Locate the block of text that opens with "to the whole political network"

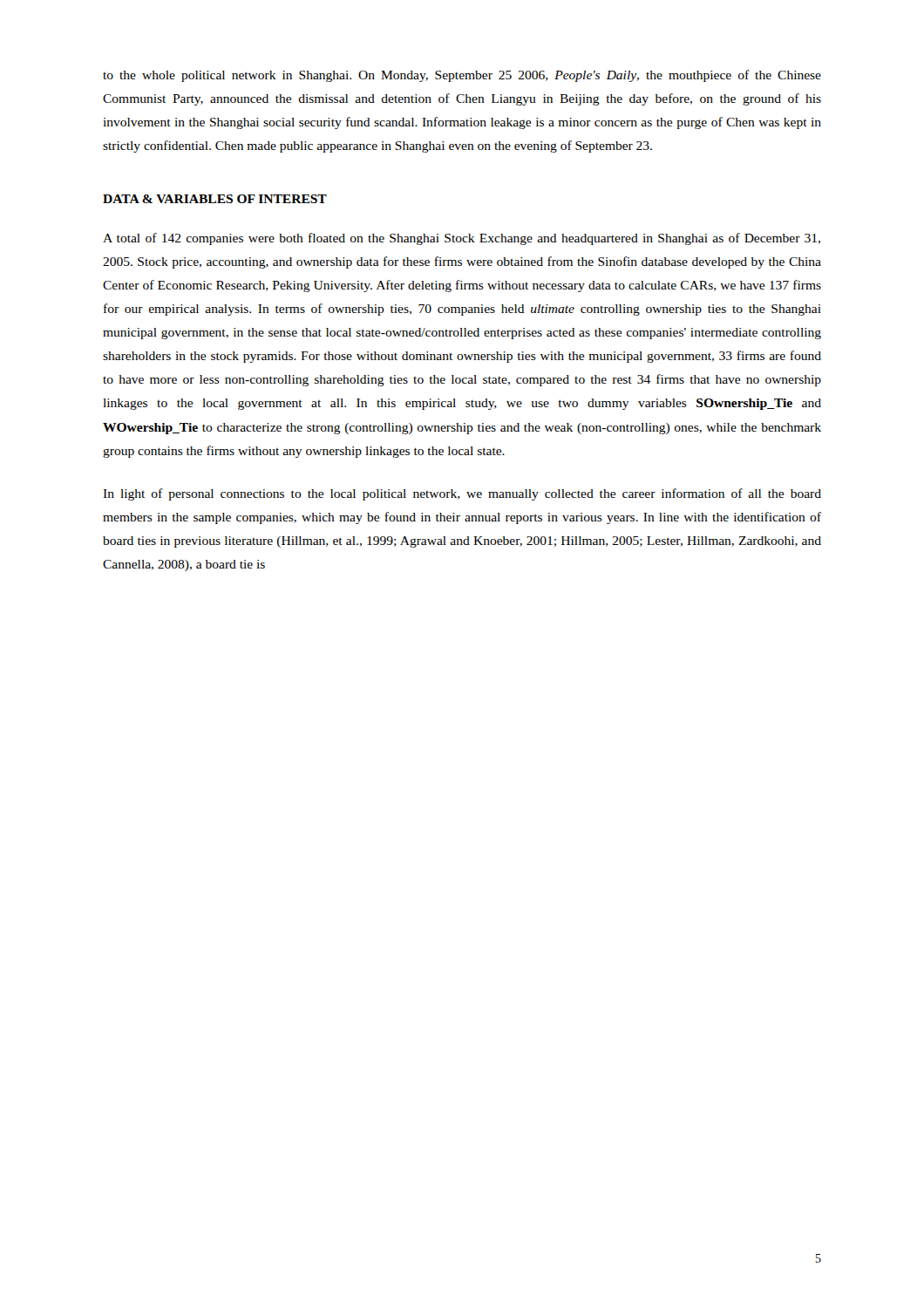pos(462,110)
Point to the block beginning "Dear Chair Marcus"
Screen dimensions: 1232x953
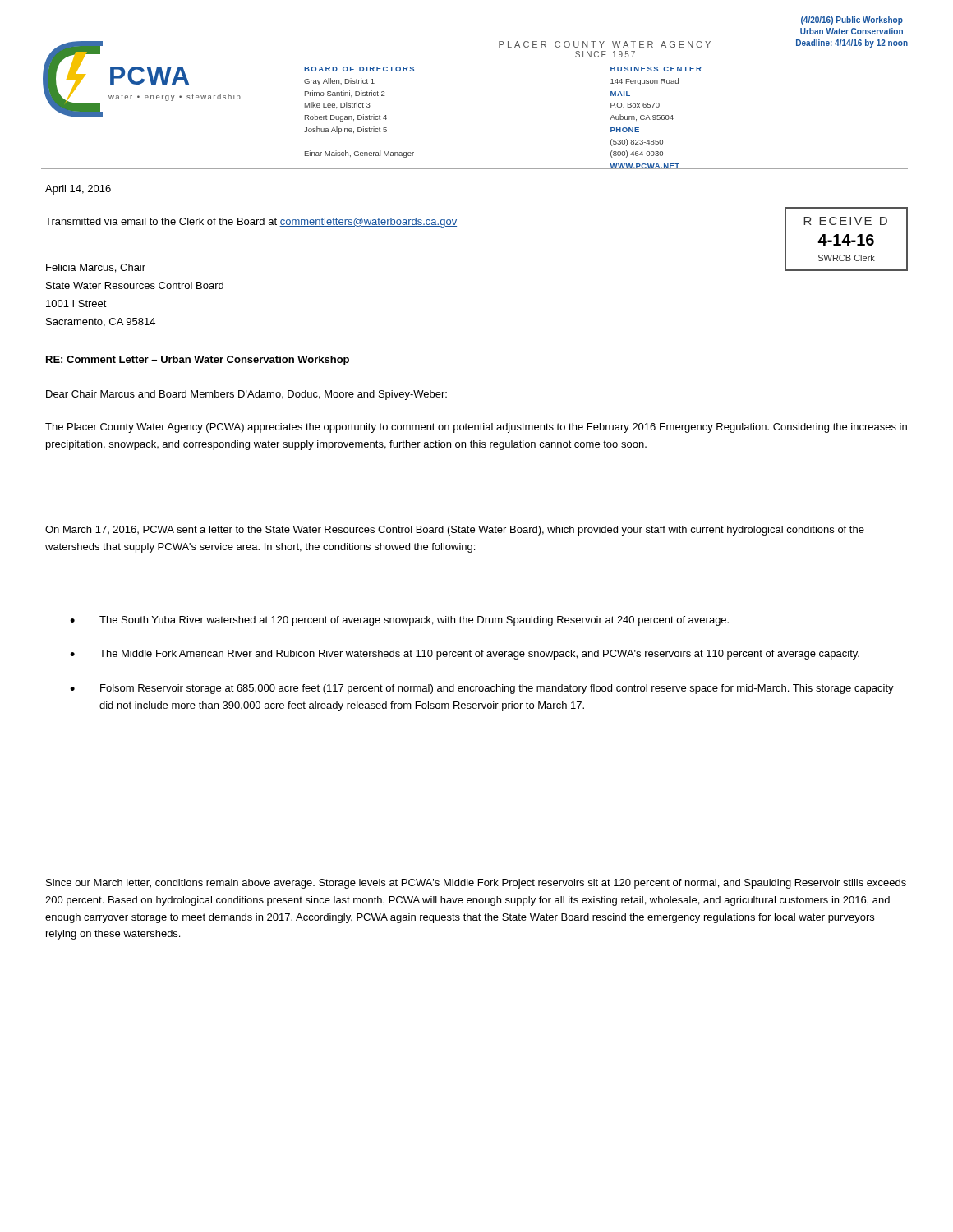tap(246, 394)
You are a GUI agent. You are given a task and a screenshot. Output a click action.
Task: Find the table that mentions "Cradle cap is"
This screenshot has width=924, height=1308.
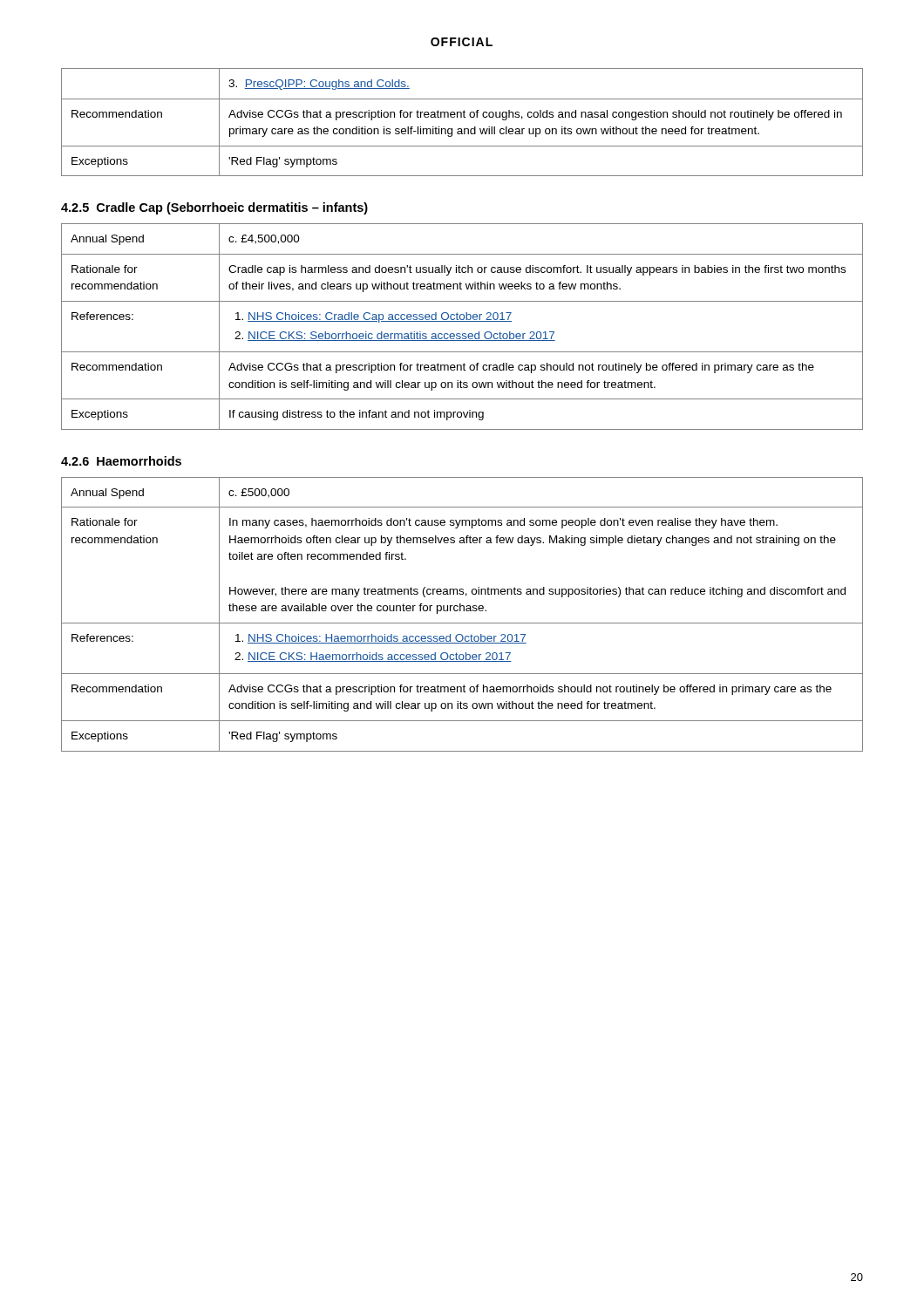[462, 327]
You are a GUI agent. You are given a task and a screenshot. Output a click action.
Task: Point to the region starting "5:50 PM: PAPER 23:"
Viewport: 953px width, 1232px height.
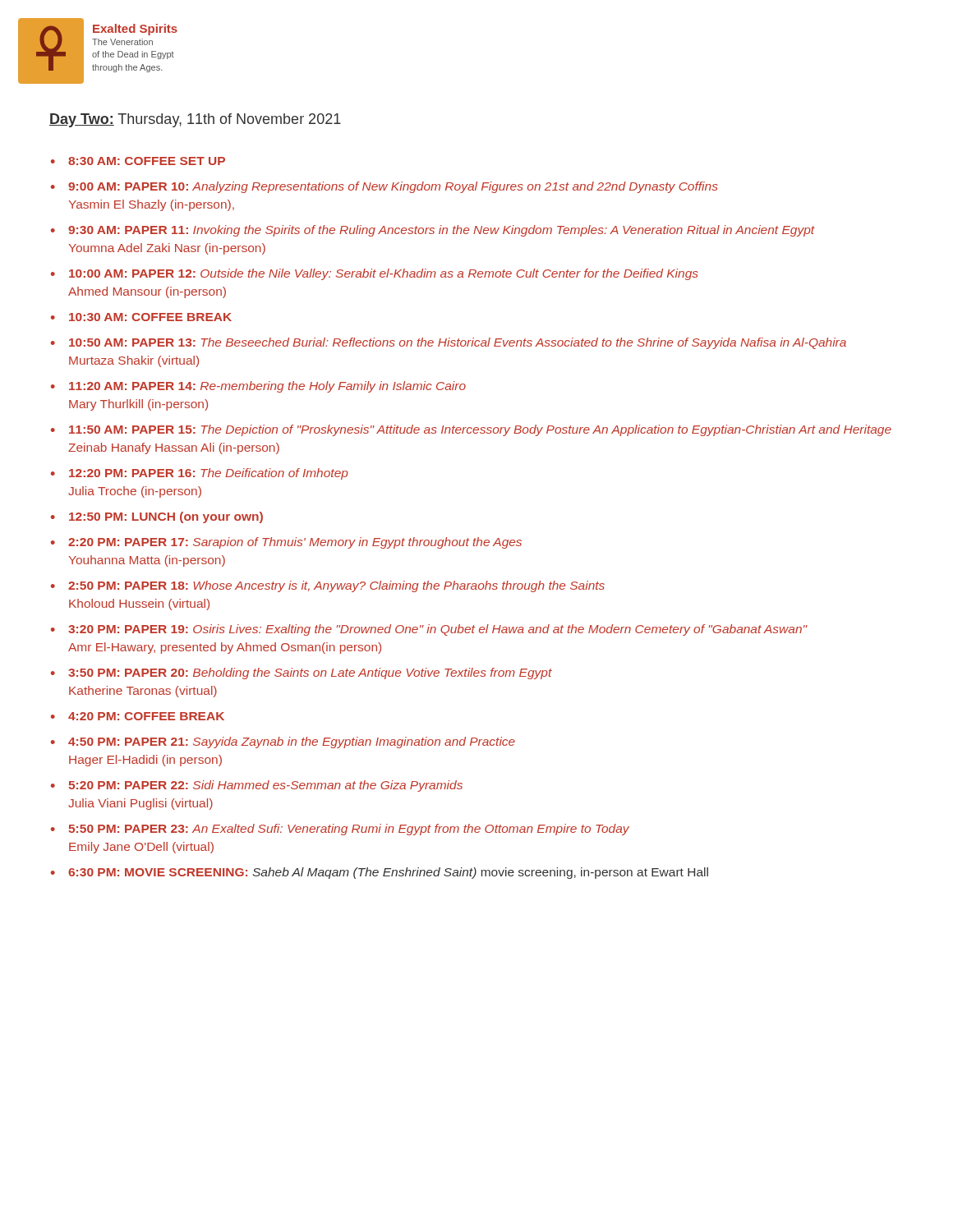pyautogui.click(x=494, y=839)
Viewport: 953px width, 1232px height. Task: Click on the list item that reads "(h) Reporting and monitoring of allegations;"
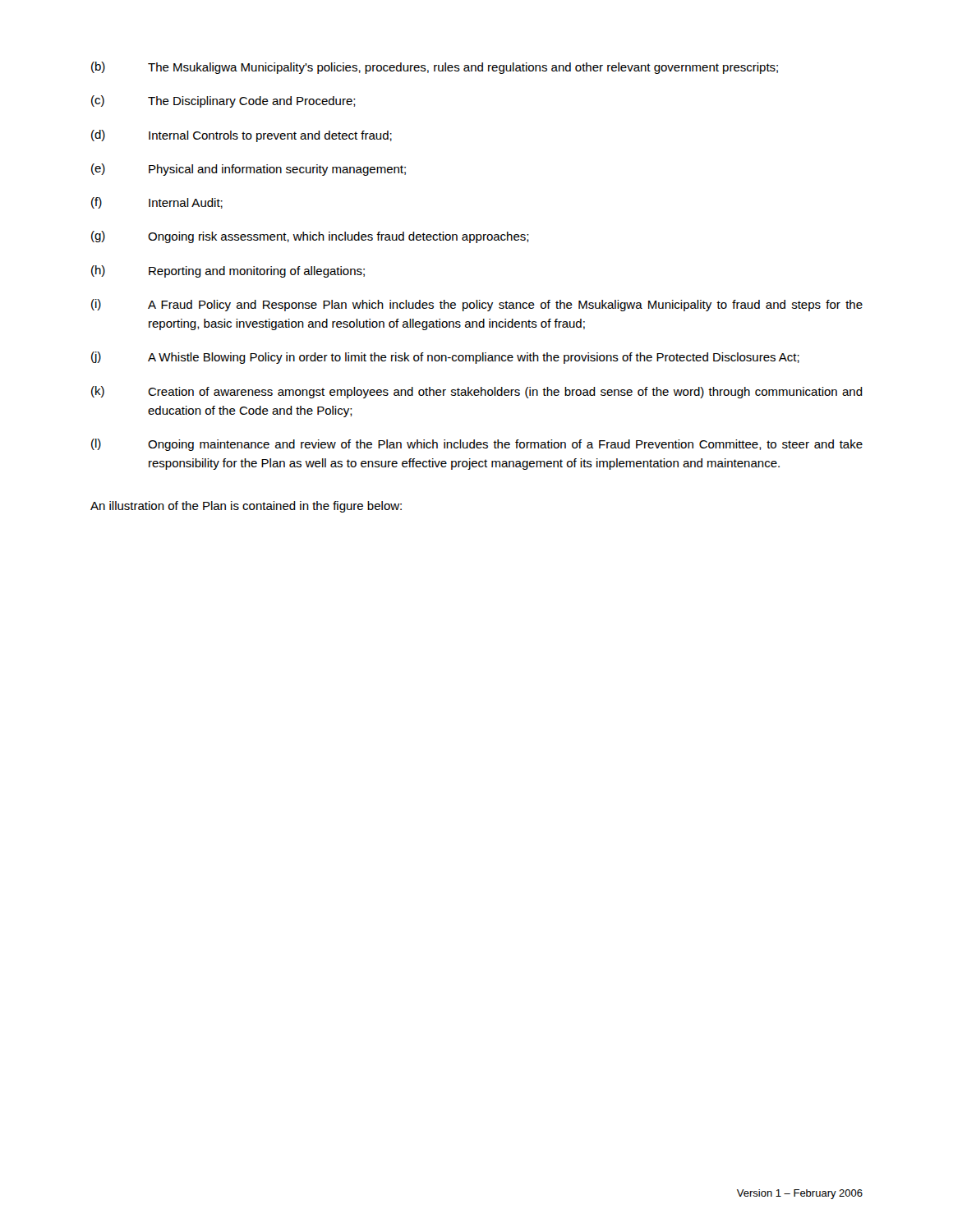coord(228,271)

----------------

* _REQUIRED ACTION_: Retype the listing above exactly, please. Pictures do not belong in the copy.

* _WRITTEN SOLUTION_:
Locate the block of text that opens with "to the whole political network"

pos(462,110)
Point to the block beginning "Dear Chair Marcus"
Screen dimensions: 1232x953
tap(246, 394)
You are a GUI agent. You are given a task and a screenshot. Output a click action.
Task: Find the table that mentions "Cradle cap is"
This screenshot has width=924, height=1308.
[462, 327]
You are a GUI agent. You are given a task and a screenshot. Output a click action.
Task: Point to the region starting "5:50 PM: PAPER 23:"
Viewport: 953px width, 1232px height.
pyautogui.click(x=494, y=839)
Viewport: 953px width, 1232px height. Task: Click on the list item that reads "(h) Reporting and monitoring of allegations;"
coord(228,271)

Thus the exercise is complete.